The flanking gallery spaces feature a show called “After the Quake” and there are signs of its upheaval within the space of the Oasis. The presence of text such as “I should have warned you” or the experiencing of double vision allude to a crumbling veneer of pictorial order.
Interior Oasis contemplates studies from the book “Learning from Las Vegas,” first printed in 1972, as an interesting lens for viewing our contemporary screen-based and commercial realities. The grey checkerboard, a familiar substrate in digital space and frequent in the paintings of Audrey Barcio, is absence made material. It is a unique manner of supporting positive form without negative form that is only possible in places like our Oasis.
Artists:
Audrey Barcio, Jessica Calderwood, Savannah Calhoun, Casey Connely, James Lambert, Andree Leduc, Lindsey Myers, Will Suglia, and Manon VanScoder.
After the Quake
- I dreamt that a man was looking back over the anamorphic landscape of dreams, and his gaze, though hard as steel, splintered into multiple gazes, each more innocent, each more defenseless.
—Roberto Bolano, Tres
The shaken landscape began with a splitting gaze and dreamlike disorder. In it’s wake, new work takes root, shaping fragments into once familiar forms. After the Quake is a haunted terrain where the afterimage of what was floats like a palimpsest upon its ruin. Such is the case in the crumbling walls of Hannon’s paintings where the traces of a spectral mask hover.
Once animated by innovative chemical and mechanical powers, this world is now moved through spirit and imagination. In the case of Chelsey Becker’s rough-hewn, wooden “Drive Train,” the user now moves its mechanical parts under their own power as part of a dialog consisting of many topics, including memory.
Morris Gibbons drawings drift into the cerebral in their combinatorial character. Beneath the web of assemblage is a metaphysical reflection on the self as it experiences mixed realities: one natural and primordial, the other confounded by entanglements with language and technology.

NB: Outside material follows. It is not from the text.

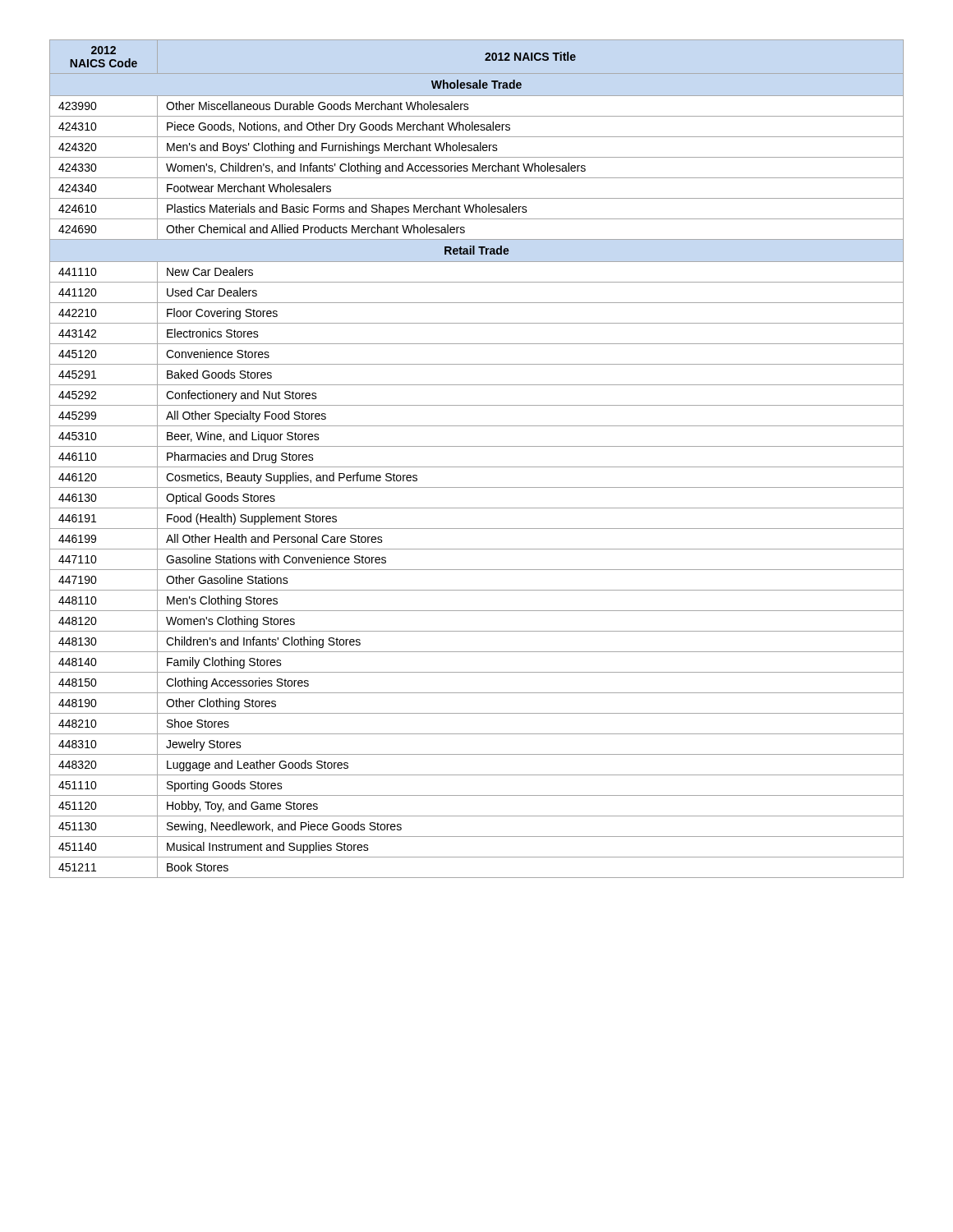953x1232 pixels.
Task: Locate the table with the text "Baked Goods Stores"
Action: [x=476, y=459]

A split canvas by Scott Anderson takes on the role of processing and sharing the history in this place. The juxtaposition of a storied figure and a massive root tell us this is a tale of both the land and its inhabitants. Symbolic inscriptions and a realistically feigned wooden surface give the entire piece a kind of argumentation structure.
Artists:
Scott Anderson, Chelsey Becker, Morris Gibbons, and David Hannon.